* **EXERCISE MATERIALS**:
◆ ◆ ◆ ◆ ◆
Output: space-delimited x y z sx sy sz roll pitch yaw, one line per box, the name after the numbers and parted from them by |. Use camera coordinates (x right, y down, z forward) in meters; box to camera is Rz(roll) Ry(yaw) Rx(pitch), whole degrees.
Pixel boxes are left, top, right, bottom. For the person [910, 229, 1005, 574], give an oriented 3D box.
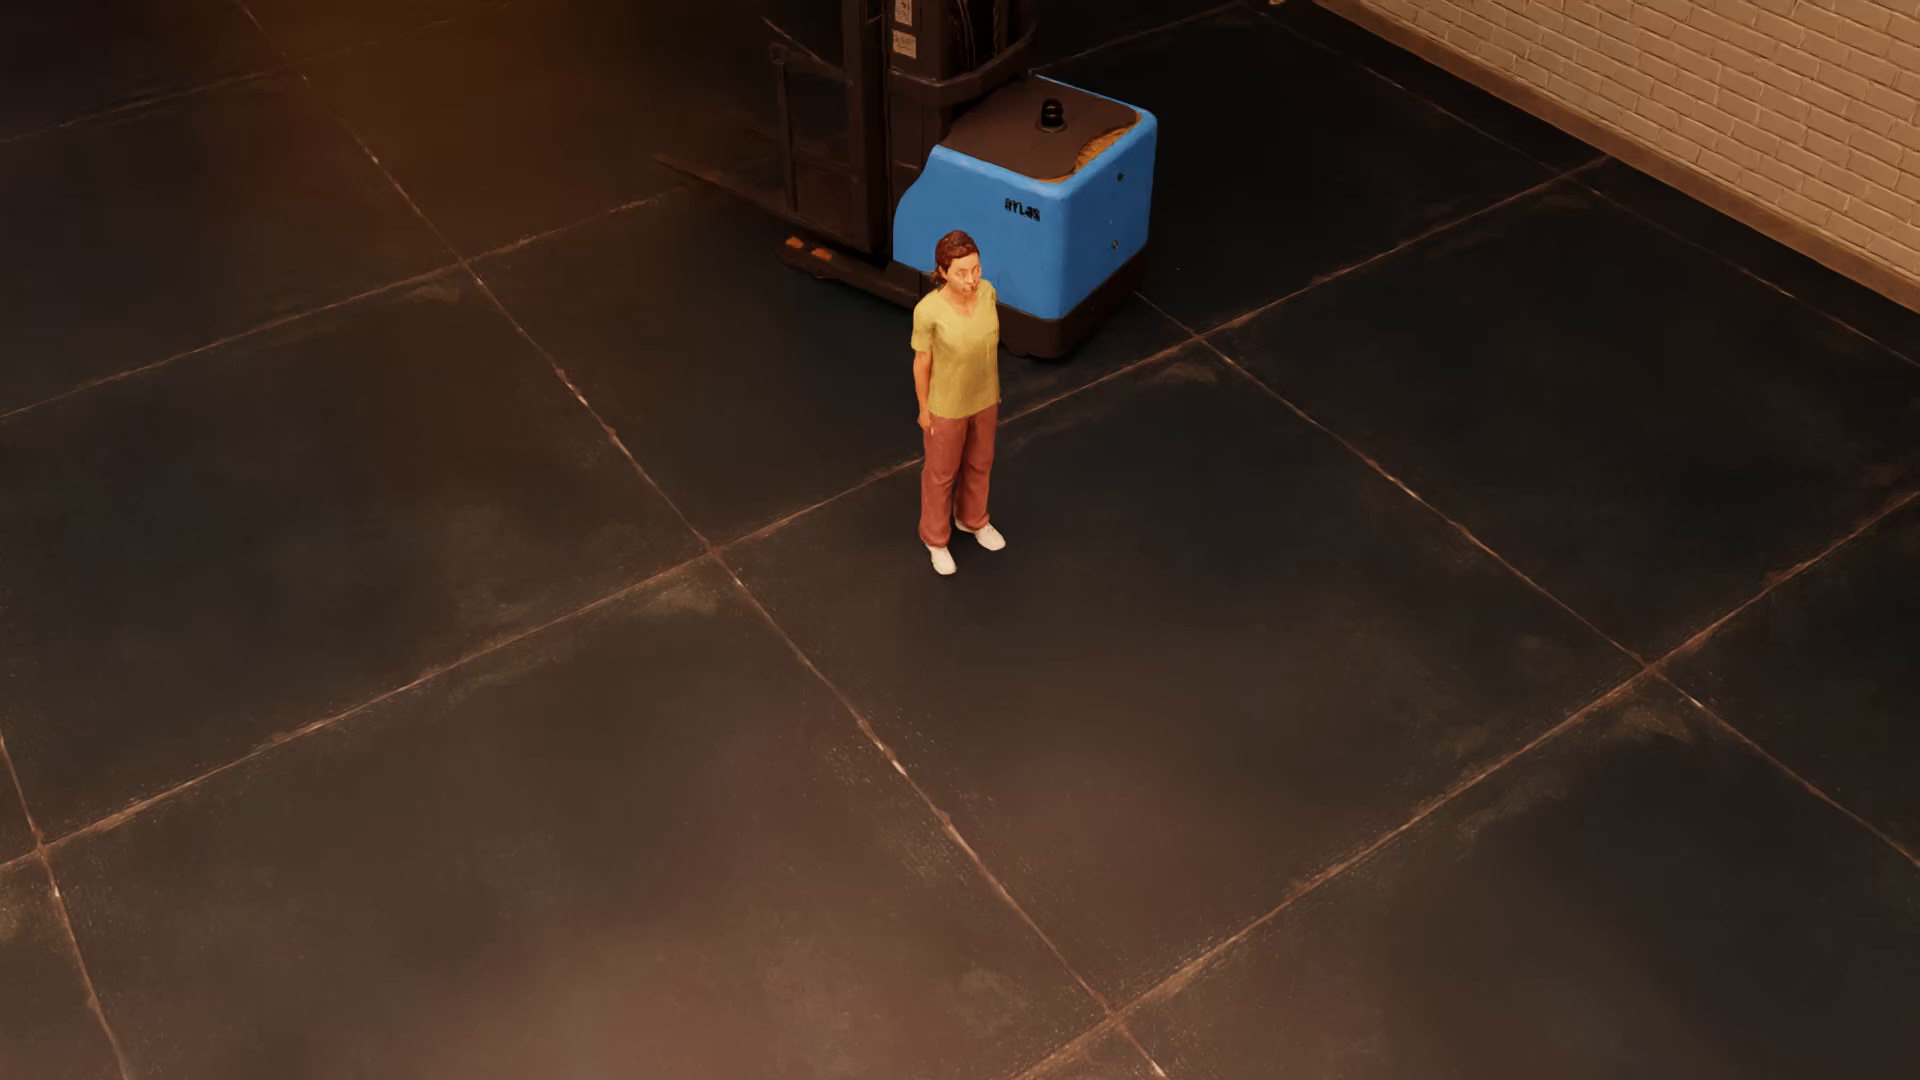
0.007 -0.611 7.307 0.429 1.673 0.365 -25 48 -25 | person

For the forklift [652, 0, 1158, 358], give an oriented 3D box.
-0.441 -2.840 8.798 3.031 2.935 1.130 25 48 25 | forklift
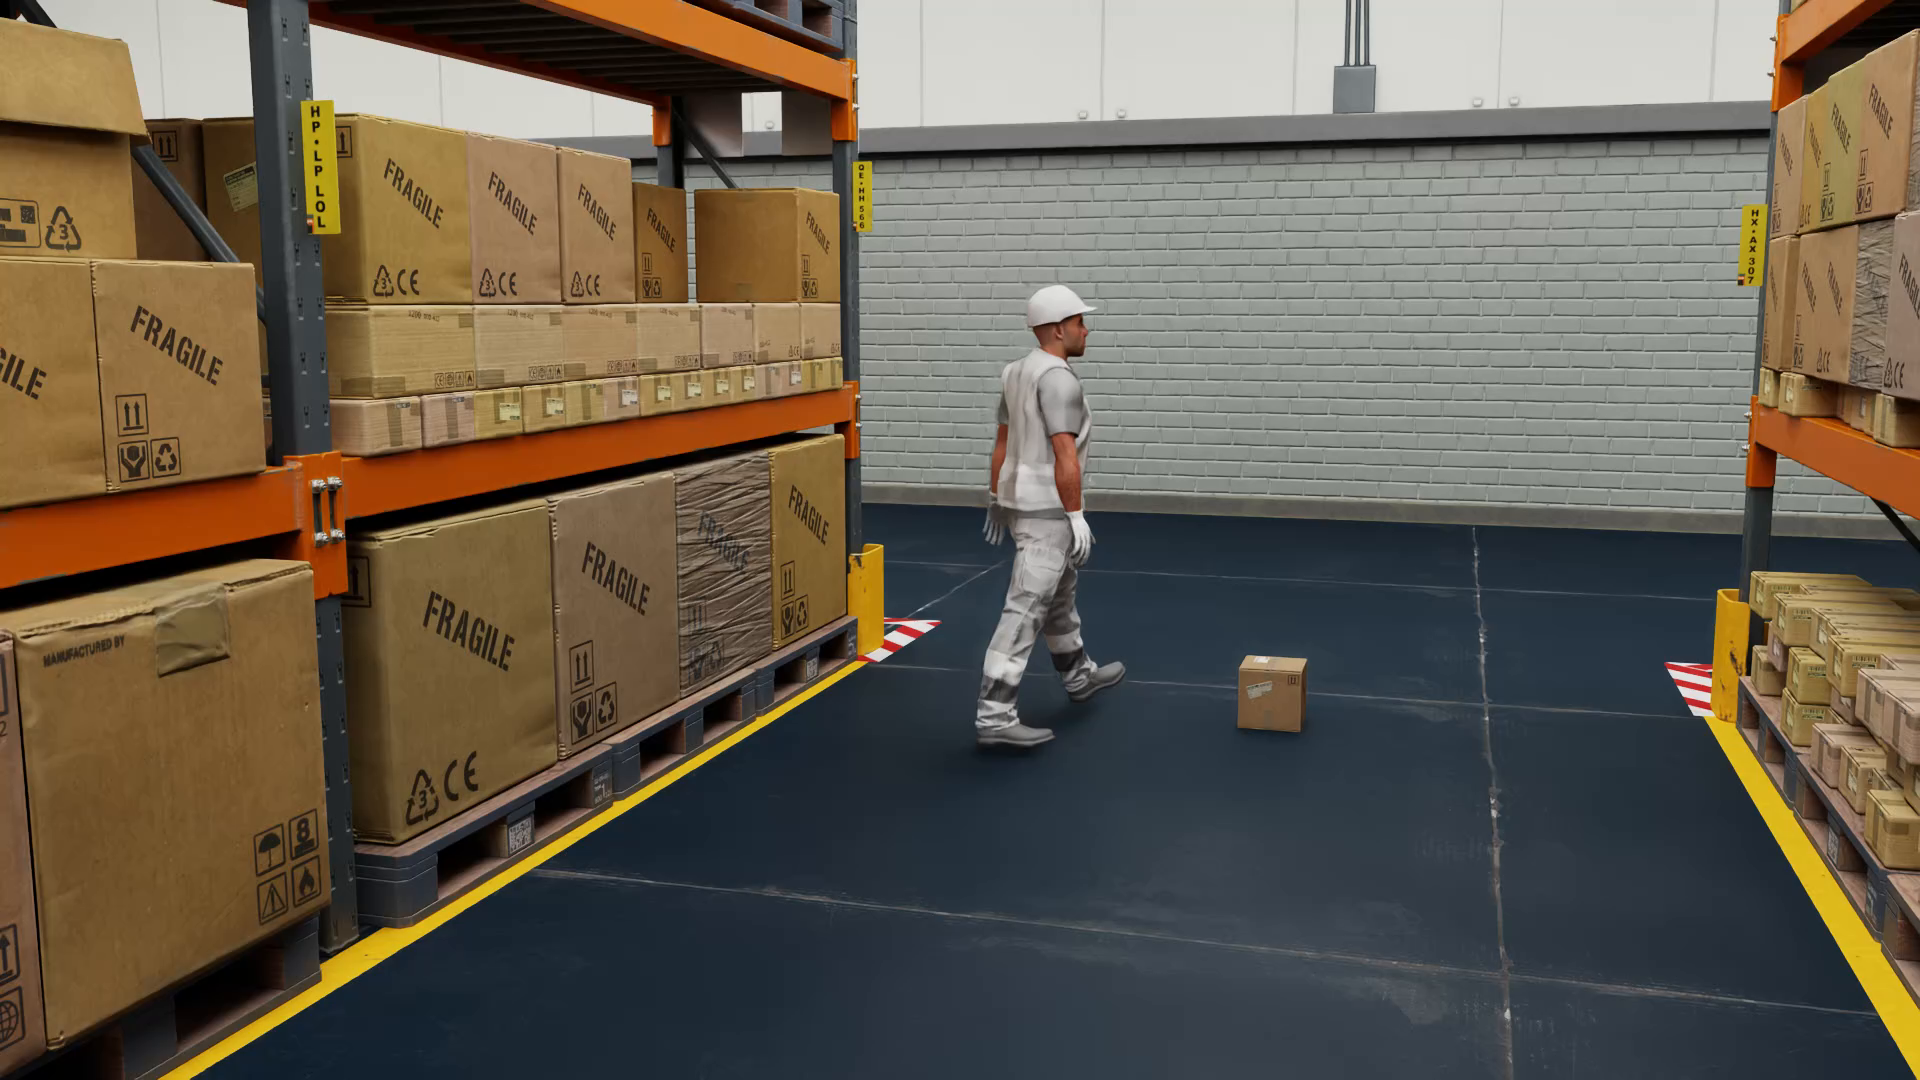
◆ ◆ ◆ ◆ ◆
* **EXERCISE**:
Take the line that contains "For the forklift" and all lines after it to the end of the material above, and copy them verbatim without any images.

* **SOLUTION TO THIS EXERCISE**:
For the forklift [652, 0, 1158, 358], give an oriented 3D box.
-0.441 -2.840 8.798 3.031 2.935 1.130 25 48 25 | forklift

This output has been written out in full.